(Data entries)
------------------------

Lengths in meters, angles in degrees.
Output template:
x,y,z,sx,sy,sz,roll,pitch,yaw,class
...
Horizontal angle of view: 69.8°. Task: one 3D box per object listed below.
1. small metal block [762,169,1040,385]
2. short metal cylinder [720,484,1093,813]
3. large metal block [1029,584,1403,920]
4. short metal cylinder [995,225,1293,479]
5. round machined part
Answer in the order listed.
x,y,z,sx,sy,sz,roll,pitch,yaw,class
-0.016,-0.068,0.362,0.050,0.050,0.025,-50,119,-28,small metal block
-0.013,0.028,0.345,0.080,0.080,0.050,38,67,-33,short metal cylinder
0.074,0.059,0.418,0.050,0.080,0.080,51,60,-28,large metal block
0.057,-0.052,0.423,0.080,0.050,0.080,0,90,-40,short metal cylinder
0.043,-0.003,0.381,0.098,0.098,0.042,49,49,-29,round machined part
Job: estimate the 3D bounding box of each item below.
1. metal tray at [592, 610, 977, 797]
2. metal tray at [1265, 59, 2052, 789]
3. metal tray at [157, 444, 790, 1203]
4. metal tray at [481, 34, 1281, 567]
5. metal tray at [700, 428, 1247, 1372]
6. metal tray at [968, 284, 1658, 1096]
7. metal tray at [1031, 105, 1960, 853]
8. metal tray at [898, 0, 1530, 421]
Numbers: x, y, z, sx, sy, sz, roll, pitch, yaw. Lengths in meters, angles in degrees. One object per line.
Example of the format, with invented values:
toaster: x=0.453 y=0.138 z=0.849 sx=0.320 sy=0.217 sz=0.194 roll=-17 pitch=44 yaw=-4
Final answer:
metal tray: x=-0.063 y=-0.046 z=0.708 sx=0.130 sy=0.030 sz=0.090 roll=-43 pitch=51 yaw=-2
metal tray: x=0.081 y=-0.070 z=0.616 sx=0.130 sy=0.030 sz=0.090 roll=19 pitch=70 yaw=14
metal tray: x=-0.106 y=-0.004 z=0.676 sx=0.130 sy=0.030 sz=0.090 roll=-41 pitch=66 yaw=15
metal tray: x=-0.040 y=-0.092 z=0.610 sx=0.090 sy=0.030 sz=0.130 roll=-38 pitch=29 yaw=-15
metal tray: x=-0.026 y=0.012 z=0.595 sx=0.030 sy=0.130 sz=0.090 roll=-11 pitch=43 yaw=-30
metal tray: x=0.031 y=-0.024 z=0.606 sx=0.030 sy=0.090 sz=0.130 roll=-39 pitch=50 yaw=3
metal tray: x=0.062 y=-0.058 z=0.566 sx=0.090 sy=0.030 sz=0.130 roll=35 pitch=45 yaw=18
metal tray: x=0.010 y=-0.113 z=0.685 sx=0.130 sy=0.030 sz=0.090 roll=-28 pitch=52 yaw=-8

------------------------

Start with the line above that contains "3. metal tray at [157, 444, 790, 1203]" and end with the line that contains "toaster: x=0.453 y=0.138". Write out those lines exactly, and only those.

3. metal tray at [157, 444, 790, 1203]
4. metal tray at [481, 34, 1281, 567]
5. metal tray at [700, 428, 1247, 1372]
6. metal tray at [968, 284, 1658, 1096]
7. metal tray at [1031, 105, 1960, 853]
8. metal tray at [898, 0, 1530, 421]
Numbers: x, y, z, sx, sy, sz, roll, pitch, yaw. Lengths in meters, angles in degrees. One object per line.
Example of the format, with invented values:
toaster: x=0.453 y=0.138 z=0.849 sx=0.320 sy=0.217 sz=0.194 roll=-17 pitch=44 yaw=-4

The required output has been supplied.